REPUBLIQUE DU BURUNDI                  8

PA- PUISSANCE D’AUTODEFENSE- AMASEKANYA

 

 Les dessous du dossier sur  la libération des 673 terroristes génocidaires.

 

Les Burundais épris de paix et soucieux d’un Etat de droit au Burundi, ont dénoncé la décision du ministre de la justice de mettre en liberté 673 terroristes génocidaires du Frodebu-Cndd-Fdd. Cette libération est l’aboutissement d’un montage qui viole le droit et la morale universelle.

 

La commission du 07 Novembre 2005 est illégale.

 

En signant le décret  n° 100/92 du 07 Novembre 2005 portant création, organisation et fonctionnement de  la commission  chargée d’identifier les prisonniers politiques, Pierre Nkurunziza, Martin Nduwimana et Clotilde Niragira se sont appuyé sur le décret n° 100/023 du 23 mars 2004 portant modalités d’application de l’immunité provisoire prévue par l’accord global de cessez-le-feu du 16 Novembre 2003. Ce décret  a été signé par Domitien Ndayizeye, Alphonse-Marie Kadege et Didace Kiganahe.

Ce décret du 23 mars 2004, dit en son article 1 qu’ : « Il est créé une commission chargée d’identifier les combattants du Cndd/Fdd, leurs collaborateurs ainsi que les membres des Forces de Défense et de Sécurité en détention et devant bénéficier de l’immunité provisoire conformément à l’Accord Global de Cessez-le-feu du16 Novembre 2003 ».

 

La création d’une deuxième commission  le 07 Novembre 2005 est inopportune et illégale puisque une autre identique avait été créé sous Domitien Ndayizeye, le 23 mars 2004 et avait terminé son travail. Elle avait même fait sortir de la prison tous les terroristes génocidaires du Cndd-Fdd  au cours de l’année 2004.

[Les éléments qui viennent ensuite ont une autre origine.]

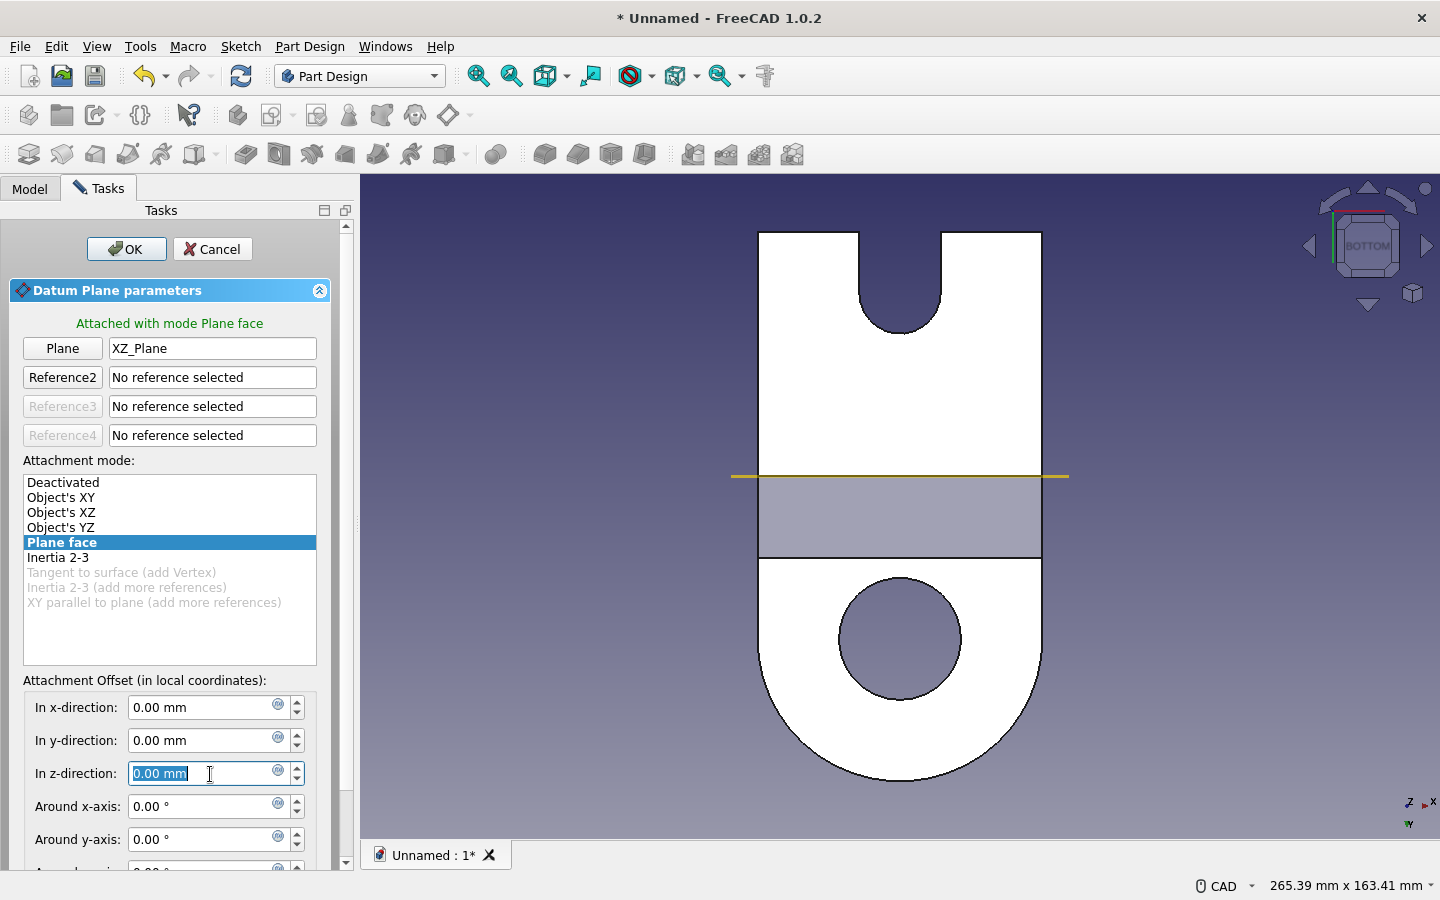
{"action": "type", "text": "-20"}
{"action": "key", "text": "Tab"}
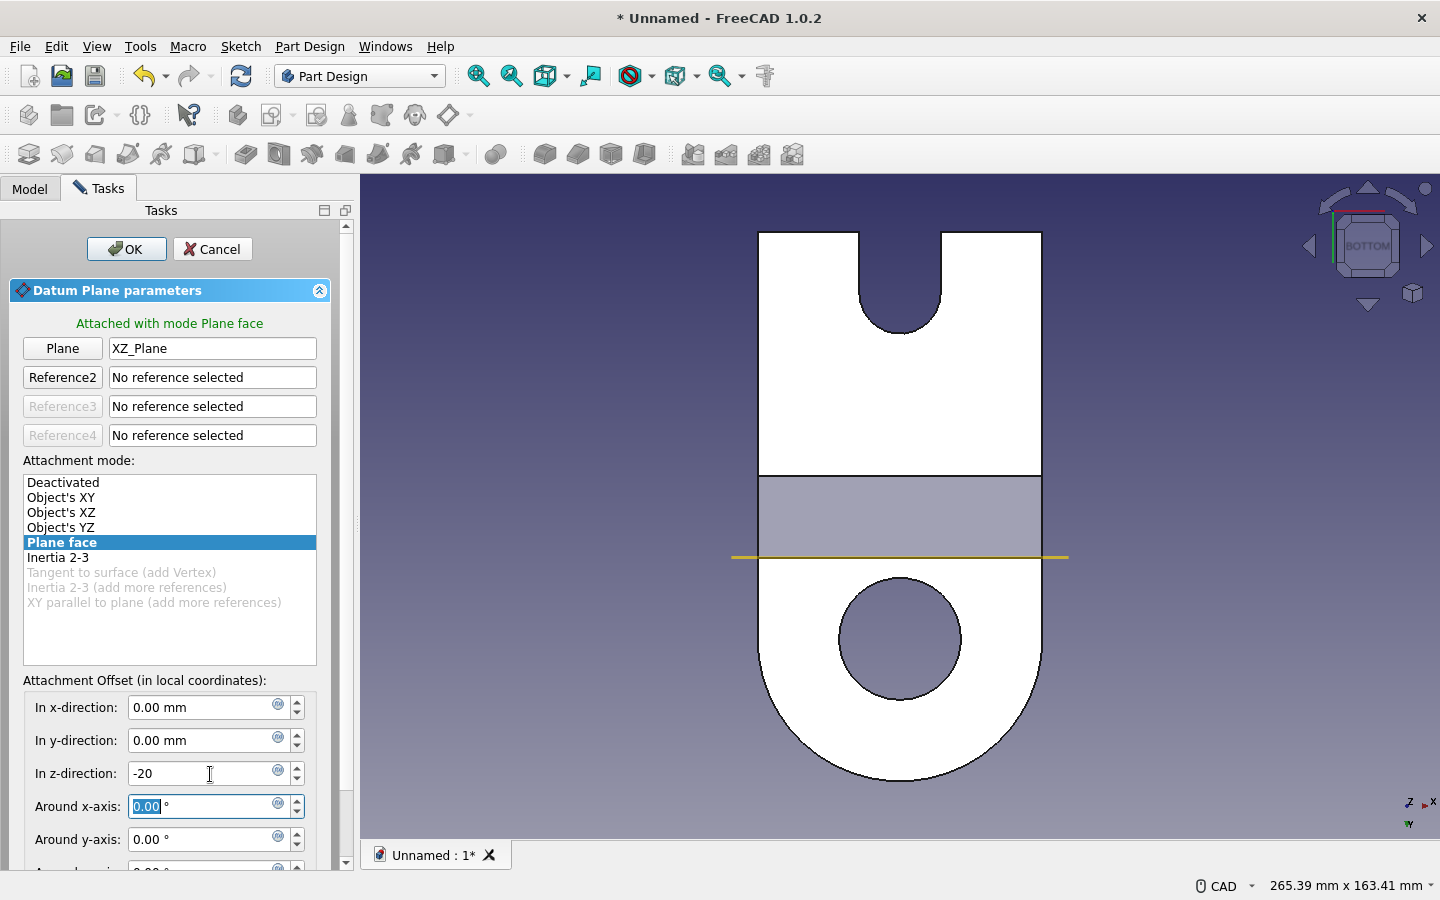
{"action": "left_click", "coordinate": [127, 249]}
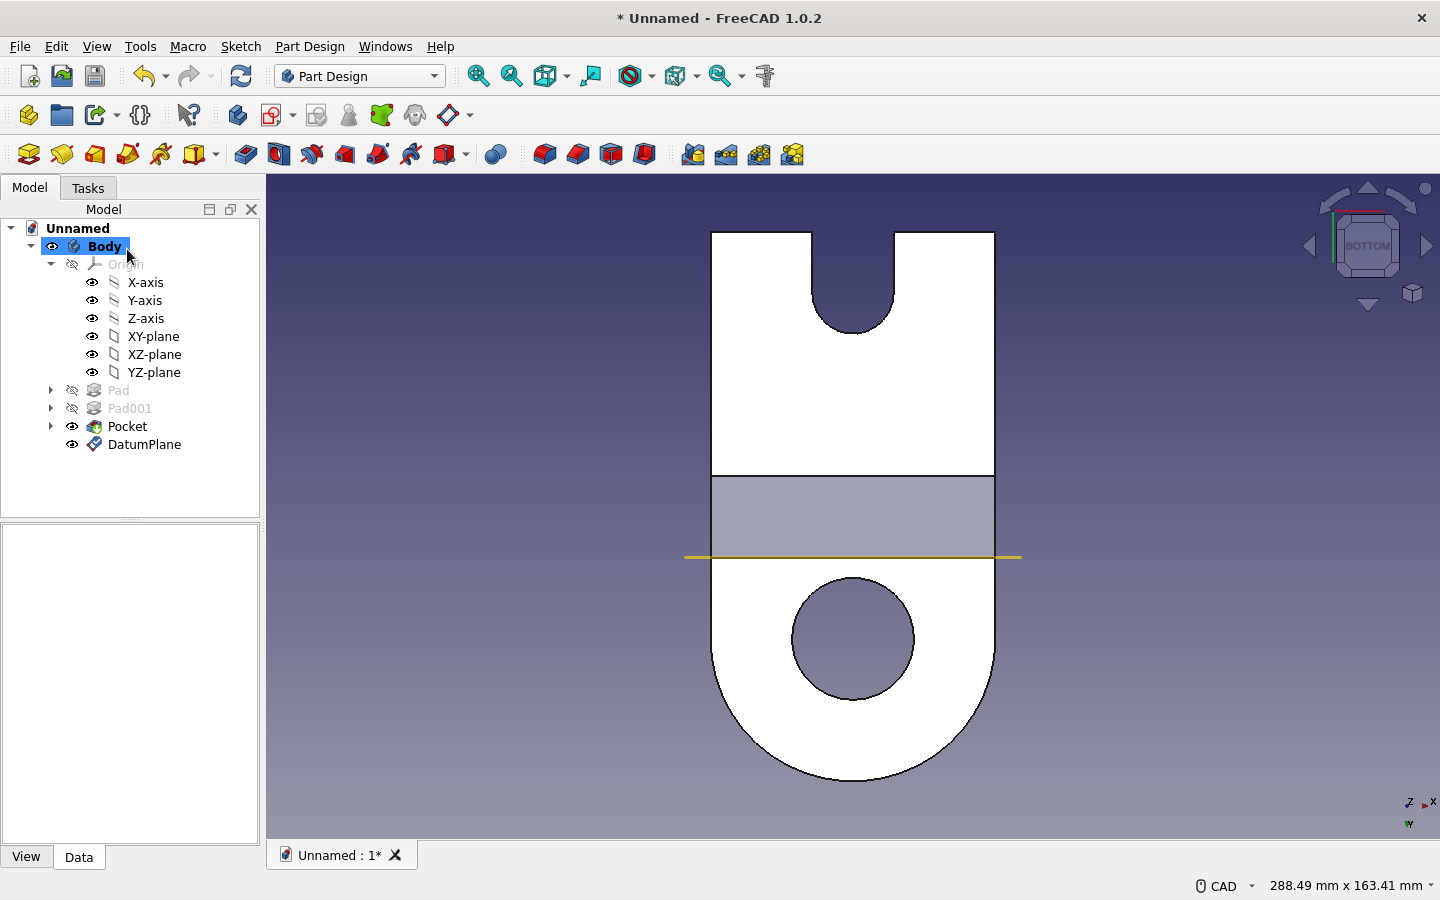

En plus le décret du 23 mars 2004 ne mentionne nulle part que la commission devait identifier les prisonniers politiques. L’identification des prisonniers politiques avait été faite depuis longtemps. Le gouvernement Cndd-Fdd  a donc manipulé ce décret.

 

Violation du décret n° 100/023 du 23 mars 2004 par le gouvernement Cndd-Fdd.

 

Le même décret du 23 mars 2004 mentionne  en son article 5 que : «  Ne sont concernés par ce décret les personnes détenues ou jugées sur base des infractions commises avant le 24 novembre1994 date de la création du Cndd/Fdd ». Sur la liste des prisonniers mis en liberté le 9/1/2006, entre 97 et 100 % sont accusés d’avoir massacré des Tutsi en octobre 1993 et étaient emprisonnés à cause de ce crime (le massacre, la dévastation et pillage).

 

L’article 6 du même décret précise que : « Les combattants et militaires coupables des infractions de génocide et de crimes contre l’humanité sont exclus du bénéfice de l’immunité provisoire ». Parmi les prisonniers mis en liberté le 9/1/2006, entre 97 et 100% ont commis le crime de génocide des Tutsi reconnu  par les deux rapports de l’ONU n° S /1996/682 et n° S/2005/158 et les partis politiques du Burundi,  agréés en 1994.

La mauvaise application des articles 5 et 6 du décret du 23 mars 2004 constitue la deuxième irrégularité dans la mise en liberté des 673 prisonniers terroristes génocidaires.

 

Dans le décret  n° 100/02 du 03 janvier 2006 portant «  immunité provisoire des prisonniers politiques détenus dans les maisons de détention de la république du Burundi », Pierre Nkurunziza, Dr Martin Nduwimana et Me Clotilde Niragira ont violé le décret n°100/023 du 23 mars 2004  sur lequel ils disent s’appuyer pour décréter que : « Bénéficient d’une immunité provisoire les prisonniers politiques tels que identifiés par la commission créé par décret n°100/92 du 07 novembre 2005 ». Ils n’ont pas respecté les articles 5 et 6 du décret  n° 100/023 du 23 mars 2004.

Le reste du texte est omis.